Se siente unx menos que un descarte, viviendo en esta sociedad del espectáculo, preguntándose, cada vez más, quién atiende su boletería.
La vida se apaga de noche en el sur y en el oeste como también sucede en el centro que agarra un aire de invierno nuclear cuando ya empieza a escurecer. La calle que hace unos minutos vio pasar a la señora coqueta por la perfumería, baja junto con ella las persianas. El núcleo de la urbanidad se va apocando cada vez más mientras que los bares culturales de Rosario se van exiliando de a poquito. A algunos los corrieron a punta de patrulleros, a otros a botellazos. A otros los perdieron en una virulenta burocracia, escueta pero verborrágica, enrevesada, descuajeringada, contradictoria y, sobre todo, hostil.
Rosario es una ciudad hostil para con sus gestores culturales. Rosario es una ciudad hostil para con sus sectores marginales. Rosario es una ciudad hostil, de una cultura tan combatida, excluida e invisibilizada que, a esta altura, es imposible «gestionarla». Hoy en nuestra ciudad lo único que se puede hacer es militar La Cultura: enarbolarla, reivindicarla, moverla a donde se la necesite, esconderla cuando haga falta e intentar que se chorree para afuera de los márgenes hasta que todxs tengamos un acceso cada vez más libre a la misma.
En semejante contexto, hace unas semanas pasó lo impensado. Pichincha se salpicó de la violencia que signa el día a día de los márgenes de la ciudad. Fue como si nos chisporroteara un caos en plena ebullición que el gobierno local intenta (y no logra) hacinar lejos de la clase media que compone su electorado.
En la madrugada del día 21 de abril balearon la fachada de un local temporalmente cerrado. Catorce tiros sin nombre, ni rostro, ni remitente estremecieron la noche de lxs vecinxs. La policía llegó justo a tiempo para posar al lado de los casquillos en el pavimento, iluminar la cuadra de azul por unas horas y poco más. Evidentemente se concluyó que la zona estaba fuera de peligro. No se adoptó custodia alguna, ni patrullajes más rigurosos, ni mayor presencia de efectivos en la zona.
La noche posterior nos enteramos de primera mano. Desde nuestra vereda se escucharon los cuatro tiros que sacudieron la noche de un buen número de comensales. Las ambulancias no tardaron en responder, sobre todo porque no hubo heridos y no se lxs llamó en ningún momento. La policía, sin embargo, acudió a la escena del crimen para garantizar la seguridad de la gente a la que ya se le había disparado: un operativo que se podría definir como post-preventivo.
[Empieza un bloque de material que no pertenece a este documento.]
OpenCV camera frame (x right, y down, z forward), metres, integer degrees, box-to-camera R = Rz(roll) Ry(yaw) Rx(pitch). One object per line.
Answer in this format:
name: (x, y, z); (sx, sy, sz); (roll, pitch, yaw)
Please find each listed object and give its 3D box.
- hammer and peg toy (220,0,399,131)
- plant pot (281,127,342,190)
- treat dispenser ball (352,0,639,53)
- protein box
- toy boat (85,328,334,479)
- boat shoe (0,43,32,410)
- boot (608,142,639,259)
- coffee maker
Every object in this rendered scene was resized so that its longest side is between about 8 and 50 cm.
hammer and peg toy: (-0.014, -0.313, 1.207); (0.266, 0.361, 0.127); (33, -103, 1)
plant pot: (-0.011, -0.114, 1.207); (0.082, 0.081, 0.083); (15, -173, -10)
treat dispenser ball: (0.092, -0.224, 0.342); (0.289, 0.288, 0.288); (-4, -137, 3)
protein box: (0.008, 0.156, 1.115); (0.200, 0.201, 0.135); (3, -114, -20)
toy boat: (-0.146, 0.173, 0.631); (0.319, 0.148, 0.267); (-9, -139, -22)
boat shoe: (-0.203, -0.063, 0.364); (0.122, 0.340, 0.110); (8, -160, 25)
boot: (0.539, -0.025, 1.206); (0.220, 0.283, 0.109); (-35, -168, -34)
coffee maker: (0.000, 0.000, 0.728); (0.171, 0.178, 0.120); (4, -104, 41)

Muchxs vecinxs, mientras tanto, permanecieron en sus hogares. A lo mejor paralizadxs por el miedo, a lo mejor – ya acostumbradxs a los ruidos molestos – decidieron no darle al hecho mayor importancia.
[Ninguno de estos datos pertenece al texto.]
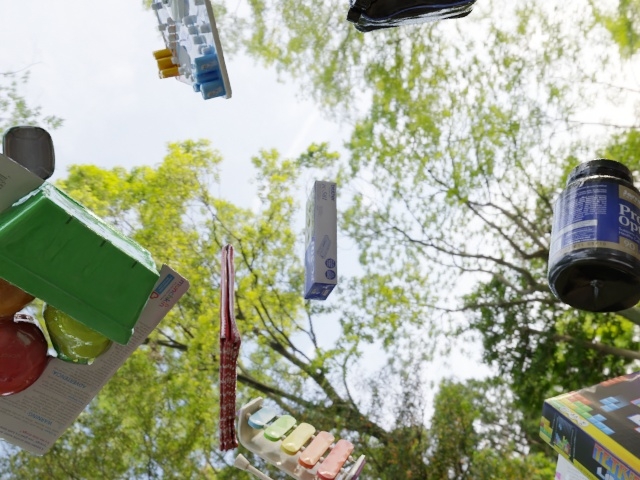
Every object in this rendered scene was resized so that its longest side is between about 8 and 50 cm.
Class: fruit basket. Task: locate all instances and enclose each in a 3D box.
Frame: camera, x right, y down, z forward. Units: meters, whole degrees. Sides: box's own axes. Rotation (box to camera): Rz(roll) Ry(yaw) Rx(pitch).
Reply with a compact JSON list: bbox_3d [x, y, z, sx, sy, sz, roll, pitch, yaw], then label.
[{"bbox_3d":[-0.419,0.104,0.719,0.353,0.165,0.327,-47,-58,3],"label":"fruit basket"}]

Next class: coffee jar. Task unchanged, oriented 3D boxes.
[{"bbox_3d":[-0.527,-0.150,0.923,0.079,0.184,0.096,-5,-84,-30],"label":"coffee jar"}]

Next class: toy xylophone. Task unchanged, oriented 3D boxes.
[{"bbox_3d":[-0.060,0.490,1.185,0.236,0.323,0.081,-11,-57,-79],"label":"toy xylophone"}]

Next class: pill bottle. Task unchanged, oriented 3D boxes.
[{"bbox_3d":[0.401,-0.015,0.740,0.123,0.123,0.219,61,-140,-38],"label":"pill bottle"}]

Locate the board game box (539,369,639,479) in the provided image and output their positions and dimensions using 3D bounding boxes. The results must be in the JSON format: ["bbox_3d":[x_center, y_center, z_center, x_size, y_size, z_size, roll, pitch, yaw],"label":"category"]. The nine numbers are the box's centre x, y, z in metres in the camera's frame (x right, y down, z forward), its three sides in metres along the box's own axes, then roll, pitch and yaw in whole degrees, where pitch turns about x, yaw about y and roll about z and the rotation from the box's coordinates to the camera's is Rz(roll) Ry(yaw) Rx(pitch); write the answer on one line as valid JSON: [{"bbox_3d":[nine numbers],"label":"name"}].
[{"bbox_3d":[0.307,0.187,0.442,0.141,0.170,0.048,-10,-69,-19],"label":"board game box"}]

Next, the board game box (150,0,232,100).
[{"bbox_3d":[-0.289,-0.467,0.927,0.050,0.390,0.390,-22,-60,-20],"label":"board game box"}]

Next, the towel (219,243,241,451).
[{"bbox_3d":[-0.142,0.170,0.797,0.031,0.199,0.275,0,-52,-11],"label":"towel"}]

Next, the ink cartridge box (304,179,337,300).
[{"bbox_3d":[0.000,0.000,0.963,0.046,0.097,0.207,5,-115,-11],"label":"ink cartridge box"}]

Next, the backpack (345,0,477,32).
[{"bbox_3d":[0.153,-0.514,0.891,0.277,0.213,0.263,-10,-80,-3],"label":"backpack"}]

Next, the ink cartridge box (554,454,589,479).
[{"bbox_3d":[0.420,0.369,0.769,0.090,0.092,0.143,15,-94,-30],"label":"ink cartridge box"}]

Maximiliano Pullaro atribuye el hecho a una banda que intentaba «tirarle un muerto» al gobierno local. Estos hechos de violencia parecieran ser casi un acto de inauguración extraoficial de un año electoral. A fin de cuentas, es más fácil «tirar muertos nuevos» frente a la ciudadanía, que recordar la marejada de nombres que leemos al pasar en los obituarios de La Capital u oímos en la solemne voz de Ciro Seisas.
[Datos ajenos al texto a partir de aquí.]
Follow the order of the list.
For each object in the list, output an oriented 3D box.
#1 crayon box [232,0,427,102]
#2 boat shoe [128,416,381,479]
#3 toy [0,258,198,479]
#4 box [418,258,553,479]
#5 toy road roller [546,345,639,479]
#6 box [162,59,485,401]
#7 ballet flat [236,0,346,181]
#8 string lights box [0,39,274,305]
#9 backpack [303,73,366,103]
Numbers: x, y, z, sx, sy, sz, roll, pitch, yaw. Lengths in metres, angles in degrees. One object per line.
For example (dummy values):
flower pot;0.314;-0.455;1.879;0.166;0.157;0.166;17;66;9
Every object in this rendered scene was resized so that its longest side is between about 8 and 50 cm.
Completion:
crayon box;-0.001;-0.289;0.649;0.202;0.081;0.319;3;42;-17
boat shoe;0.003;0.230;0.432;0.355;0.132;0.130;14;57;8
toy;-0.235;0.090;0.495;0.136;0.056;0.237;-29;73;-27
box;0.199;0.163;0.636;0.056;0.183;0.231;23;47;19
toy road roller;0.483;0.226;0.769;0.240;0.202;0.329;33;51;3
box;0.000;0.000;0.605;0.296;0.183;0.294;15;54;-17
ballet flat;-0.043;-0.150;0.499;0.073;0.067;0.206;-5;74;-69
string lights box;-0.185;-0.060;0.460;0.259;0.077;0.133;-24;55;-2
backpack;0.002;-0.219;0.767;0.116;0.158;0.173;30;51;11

Esa noche, los locales de alrededor bajaron las persianas y Barbarie no fue la excepción. Se discutió como a los tumbos sobre la situación a la que parecemos acostumbrarnos cada vez más. Se habló de «bandas» y de «ajustes de cuentas» como haciéndonos a la idea de que es cotidiano «ajustar» lo que sea a los tiros. Nos acompañamos hasta nuestras paradas de colectivos y nos fuimos a dormir, como resignados a vivir en una ciudad que va acabar por acribillar a sus pequeños emprendimientos. Una ciudad que arremete con denuncias, botellazos y disparos a su actividad económica y cultural sin que haya nadie que la llore a la mañana siguiente.